Lemme know what you guys think!


----------



## Desi

I've never heard of encaustic paintings before....had to look it up.

First two give a feel of a natural erosive process, such as a dry hillside after a heavy rain or a beach.  The 3rd also seems geologic, but appears to capture change in action.  Third appears crystaline, evaporative in nature.

Cool stuff.  Thanks for posting.


----------



## Th0rz669

Desi said:


> First two give a feel of a natural erosive process. . .



That effect is created by leaving the iron in place for a few seconds and and then pulling it down very slowly before pulling the iron off. It creates amazing Natural effects that are good for creating foliage!

Glad you liked them


----------



## Dagwood56

Wow! These are really cool! :thumbup:  Learn something new everyday  Like Desi, I had never heard of this and had to look it up to see what it was. Interesting.


----------



## Th0rz669

Glad you guys like em  I've not done any for a while. The wax is delicate and my house is very hot during the summer. When winter gets here, I'm gonna buy some more paper and maybe a smaller iron


----------



## sm4him

Wow, I love these! I think the first and second are my favorites, although the third is awesome too. And the last. Okay, my favorites are the first, second, third and fourth. 

I've heard of encaustic painting only because my son is an artist.  He explained the technique to me once, but I'd forgotten all about it.  

</leaves room, finds post-it to write a note to son about what he should paint for his mother for Christmas/>


----------



## Th0rz669

sm4him said:


> Wow, I love these! I think the first and second are my favorites, although the third is awesome too. And the last. Okay, my favorites are the first, second, third and fourth.
> 
> I've heard of encaustic painting only because my son is an artist.  He explained the technique to me once, but I'd forgotten all about it.
> 
> </leaves room, finds post-it to write a note to son about what he should paint for his mother for Christmas/>



If you can find a good way to protect them, they can be good gifts for Christmas. A lot of people want paints like this. My dad has one in his office. People offer him money for it all the time


----------



## panblue

Nice effects! Have you tried using shapes or tape to mask off areas of the canvas? Is that practical to try with encaustic?


----------



## Th0rz669

panblue said:


> Nice effects! Have you tried using shapes or tape to mask off areas of the canvas? Is that practical to try with encaustic?

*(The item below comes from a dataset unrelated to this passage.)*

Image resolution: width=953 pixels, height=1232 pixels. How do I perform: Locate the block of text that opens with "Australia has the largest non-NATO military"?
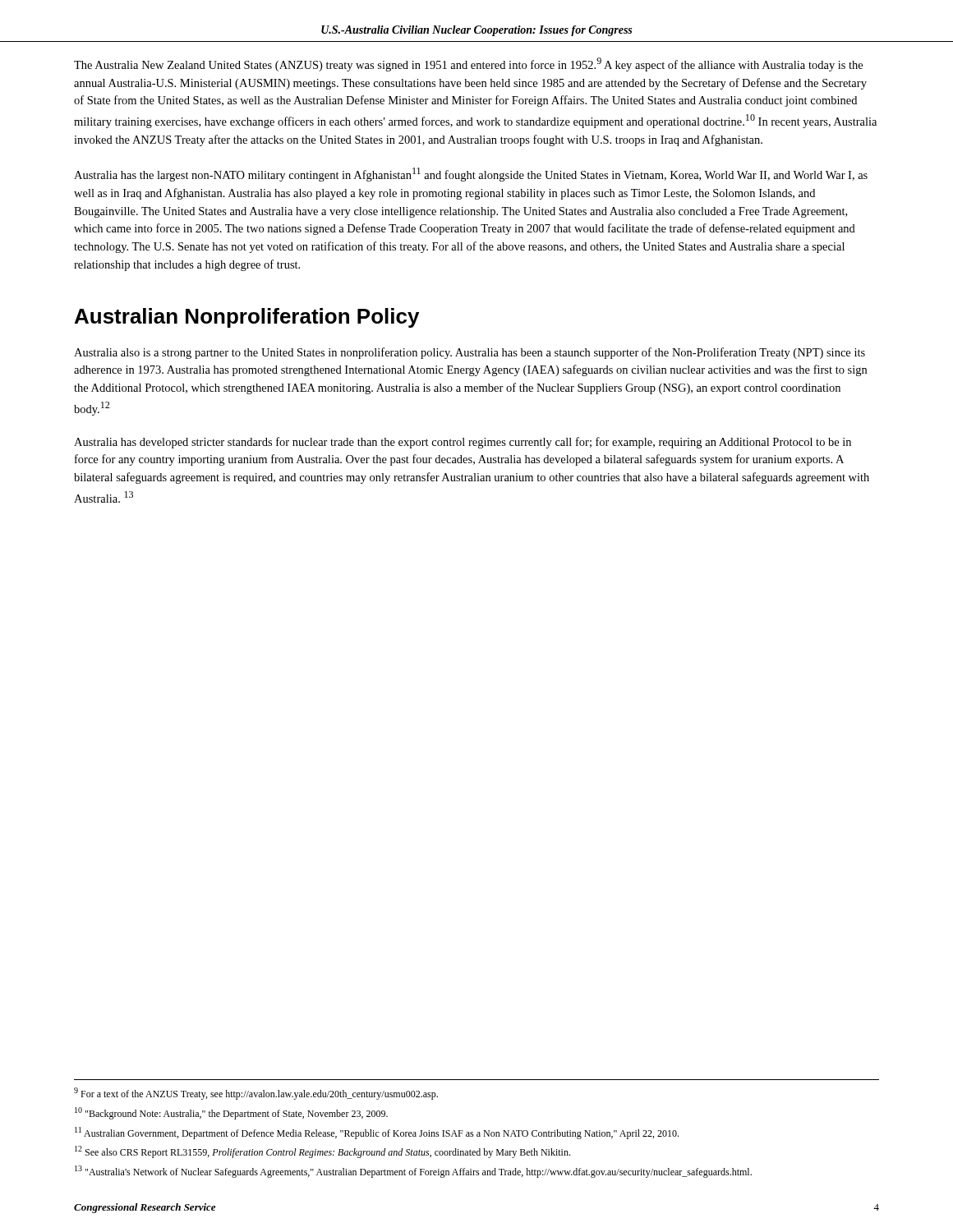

I've not tried anything like that yet. I'll try it next time


----------



## LightMatters

Many years ago, I saw a VanGogh exhibit while visiting Chicago.  When I saw the third one, it immediately brought his night sky images to mind.  Keep painting, experimenting ... and when your Dad's clients/friends offer money ... TAKE IT!  Wonderful medium for exploring evokative themes that don't lend themselves easily to the limitations of language.


----------



## Mully

Very nice look and different... Explore more since you have the talent.


----------



## ronlane

Those are really cool. I had to look up this style and have to admit, it's very interesting. Thanks for sharing.


----------



## annamaria

Wow those are really neat.  Never heard of that word.  Will have to look it up.


----------



## LaShonda

outstanding effects on these never even heard of these..but this is pretty great work


----------